-------- Supplied records

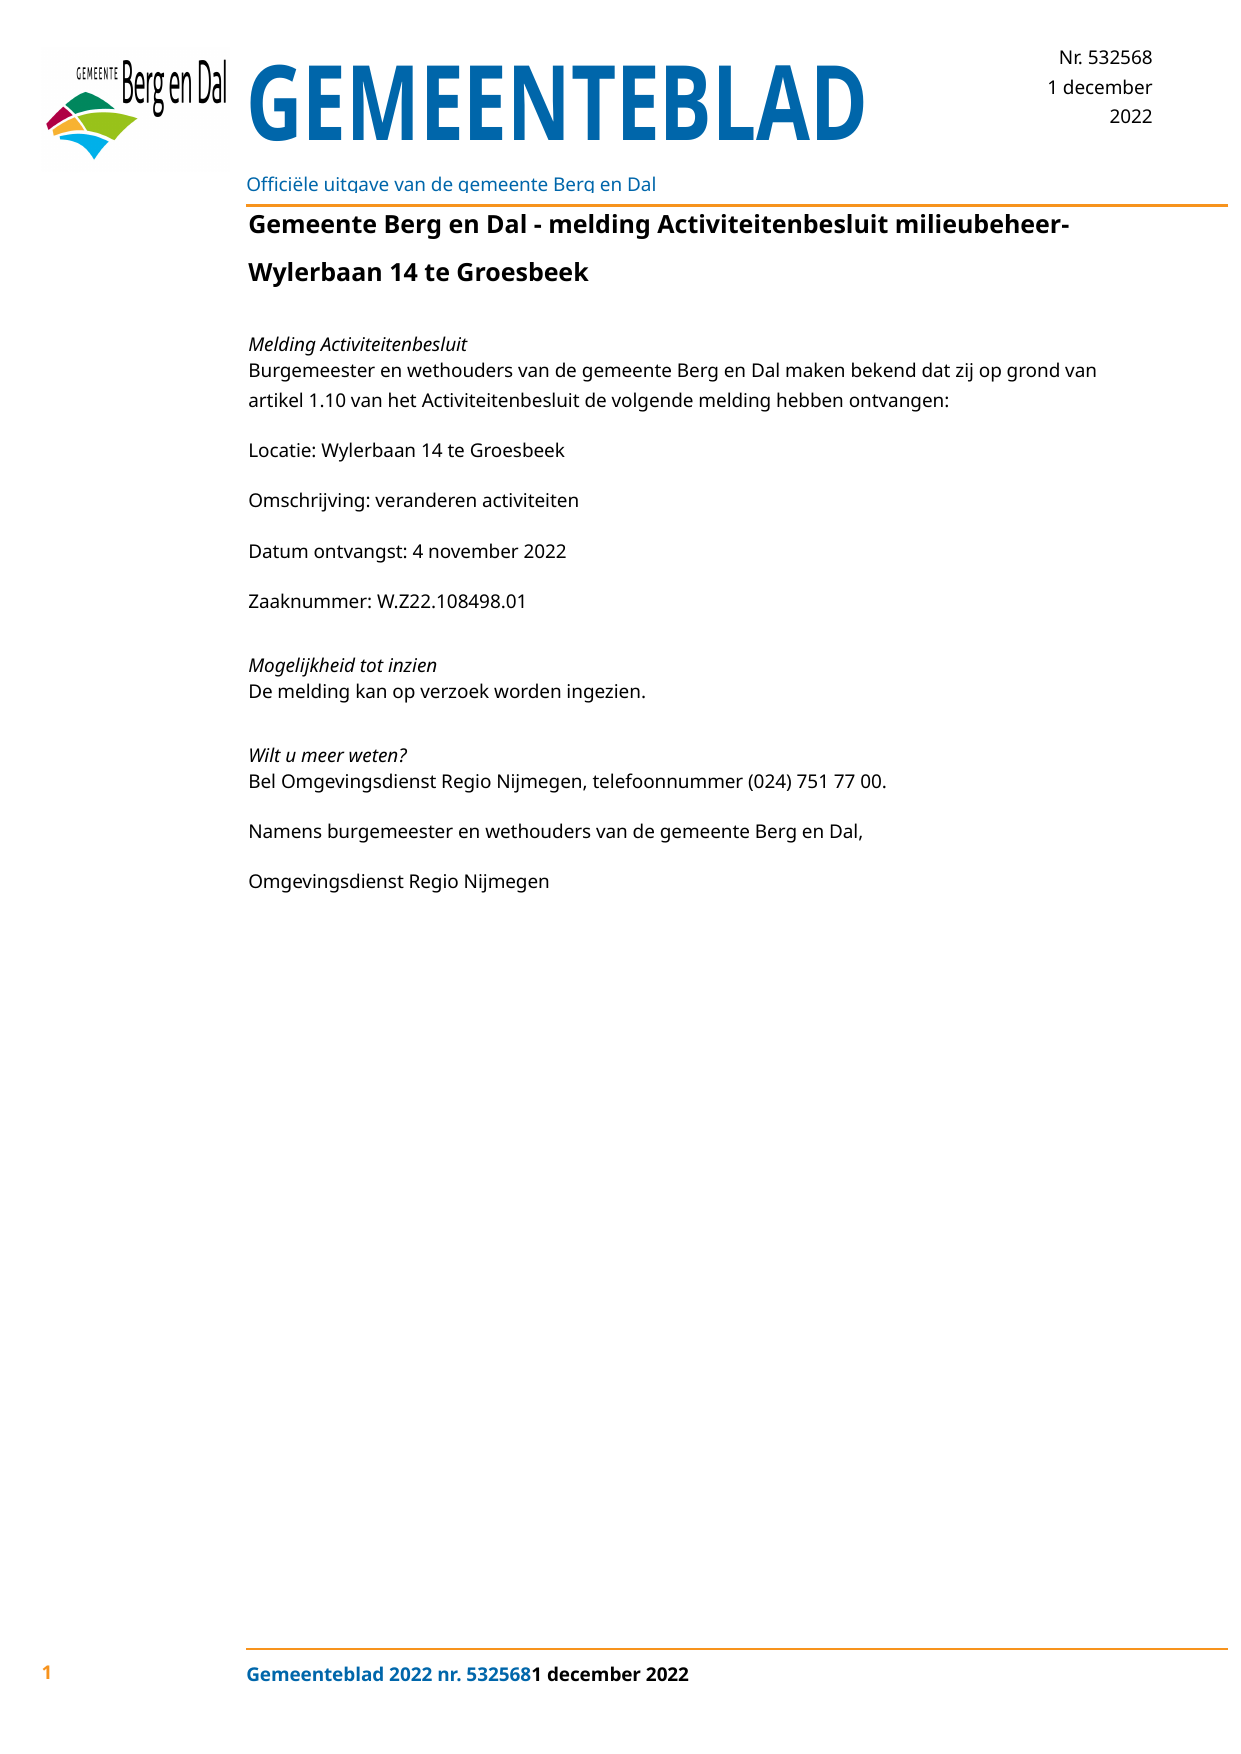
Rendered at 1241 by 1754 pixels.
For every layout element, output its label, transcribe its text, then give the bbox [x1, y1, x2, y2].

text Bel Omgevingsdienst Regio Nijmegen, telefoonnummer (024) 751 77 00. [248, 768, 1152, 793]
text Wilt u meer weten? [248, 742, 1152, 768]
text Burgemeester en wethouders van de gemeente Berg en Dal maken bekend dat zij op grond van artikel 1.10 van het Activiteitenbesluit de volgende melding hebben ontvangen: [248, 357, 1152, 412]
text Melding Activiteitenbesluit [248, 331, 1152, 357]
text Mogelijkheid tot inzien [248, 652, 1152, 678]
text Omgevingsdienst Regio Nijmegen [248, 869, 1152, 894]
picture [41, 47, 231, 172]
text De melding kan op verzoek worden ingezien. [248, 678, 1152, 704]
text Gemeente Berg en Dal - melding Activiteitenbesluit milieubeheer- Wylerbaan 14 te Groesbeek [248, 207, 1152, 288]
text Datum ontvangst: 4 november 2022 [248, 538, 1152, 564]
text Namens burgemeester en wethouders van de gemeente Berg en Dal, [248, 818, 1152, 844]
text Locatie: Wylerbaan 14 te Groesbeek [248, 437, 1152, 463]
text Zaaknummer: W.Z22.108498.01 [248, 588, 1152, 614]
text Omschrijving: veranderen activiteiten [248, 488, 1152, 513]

----------------

When copying the entries above, keep each word as it is and exclude any image.

Rendered at 1241 by 1754 pixels.
For every layout element, output its label, transcribe its text, then give the bbox [x1, y1, x2, y2].

text Bel Omgevingsdienst Regio Nijmegen, telefoonnummer (024) 751 77 00. [248, 768, 1152, 793]
text Wilt u meer weten? [248, 742, 1152, 768]
text Burgemeester en wethouders van de gemeente Berg en Dal maken bekend dat zij op grond van artikel 1.10 van het Activiteitenbesluit de volgende melding hebben ontvangen: [248, 357, 1152, 412]
text Melding Activiteitenbesluit [248, 331, 1152, 357]
text Mogelijkheid tot inzien [248, 652, 1152, 678]
text Omgevingsdienst Regio Nijmegen [248, 869, 1152, 894]
picture [41, 47, 231, 172]
text De melding kan op verzoek worden ingezien. [248, 678, 1152, 704]
text Gemeente Berg en Dal - melding Activiteitenbesluit milieubeheer- Wylerbaan 14 te Groesbeek [248, 207, 1152, 288]
text Datum ontvangst: 4 november 2022 [248, 538, 1152, 564]
text Namens burgemeester en wethouders van de gemeente Berg en Dal, [248, 818, 1152, 844]
text Locatie: Wylerbaan 14 te Groesbeek [248, 437, 1152, 463]
text Zaaknummer: W.Z22.108498.01 [248, 588, 1152, 614]
text Omschrijving: veranderen activiteiten [248, 488, 1152, 513]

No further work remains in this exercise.